━━━ RECORDS ━━━

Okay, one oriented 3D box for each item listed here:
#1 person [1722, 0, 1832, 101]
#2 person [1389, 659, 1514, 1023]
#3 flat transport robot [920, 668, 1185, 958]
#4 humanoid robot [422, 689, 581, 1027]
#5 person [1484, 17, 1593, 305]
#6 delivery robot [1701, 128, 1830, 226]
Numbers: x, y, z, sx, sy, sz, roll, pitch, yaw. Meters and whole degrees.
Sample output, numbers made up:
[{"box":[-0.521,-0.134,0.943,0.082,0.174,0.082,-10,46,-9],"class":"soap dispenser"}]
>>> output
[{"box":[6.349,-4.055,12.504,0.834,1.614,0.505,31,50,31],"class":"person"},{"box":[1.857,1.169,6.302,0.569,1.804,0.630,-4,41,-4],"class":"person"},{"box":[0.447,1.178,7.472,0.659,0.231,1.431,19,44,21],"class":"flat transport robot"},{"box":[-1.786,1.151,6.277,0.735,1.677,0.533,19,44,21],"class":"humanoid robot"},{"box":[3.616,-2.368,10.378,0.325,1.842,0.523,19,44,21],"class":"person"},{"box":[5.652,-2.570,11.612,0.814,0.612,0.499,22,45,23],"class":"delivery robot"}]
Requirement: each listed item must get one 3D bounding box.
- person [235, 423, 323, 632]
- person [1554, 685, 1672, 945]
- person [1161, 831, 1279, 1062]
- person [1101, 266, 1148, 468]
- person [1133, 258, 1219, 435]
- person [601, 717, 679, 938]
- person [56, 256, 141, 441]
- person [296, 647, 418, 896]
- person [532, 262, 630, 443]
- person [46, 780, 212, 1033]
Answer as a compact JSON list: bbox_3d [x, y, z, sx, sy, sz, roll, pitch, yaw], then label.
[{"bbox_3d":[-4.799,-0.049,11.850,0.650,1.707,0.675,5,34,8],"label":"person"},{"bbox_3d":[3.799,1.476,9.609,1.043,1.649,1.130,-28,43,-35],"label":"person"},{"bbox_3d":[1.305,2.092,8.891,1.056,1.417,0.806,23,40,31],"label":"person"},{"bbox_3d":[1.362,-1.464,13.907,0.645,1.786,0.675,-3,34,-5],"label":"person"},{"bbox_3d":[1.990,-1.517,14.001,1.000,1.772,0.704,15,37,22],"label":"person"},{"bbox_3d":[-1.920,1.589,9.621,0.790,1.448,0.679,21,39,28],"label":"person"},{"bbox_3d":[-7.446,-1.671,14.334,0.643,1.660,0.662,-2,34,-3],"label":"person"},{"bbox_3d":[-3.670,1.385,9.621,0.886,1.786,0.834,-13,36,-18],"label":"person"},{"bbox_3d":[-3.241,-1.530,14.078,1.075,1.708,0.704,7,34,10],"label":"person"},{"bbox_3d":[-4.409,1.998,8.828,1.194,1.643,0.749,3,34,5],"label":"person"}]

━━━

> **INSTRUCTIONS FOR THE TASK**:
Every line in the data that holds the string "each" should be returned.

> **SOLUTION FOR THIS EXERCISE**:
Okay, one oriented 3D box for each item listed here:
Requirement: each listed item must get one 3D bounding box.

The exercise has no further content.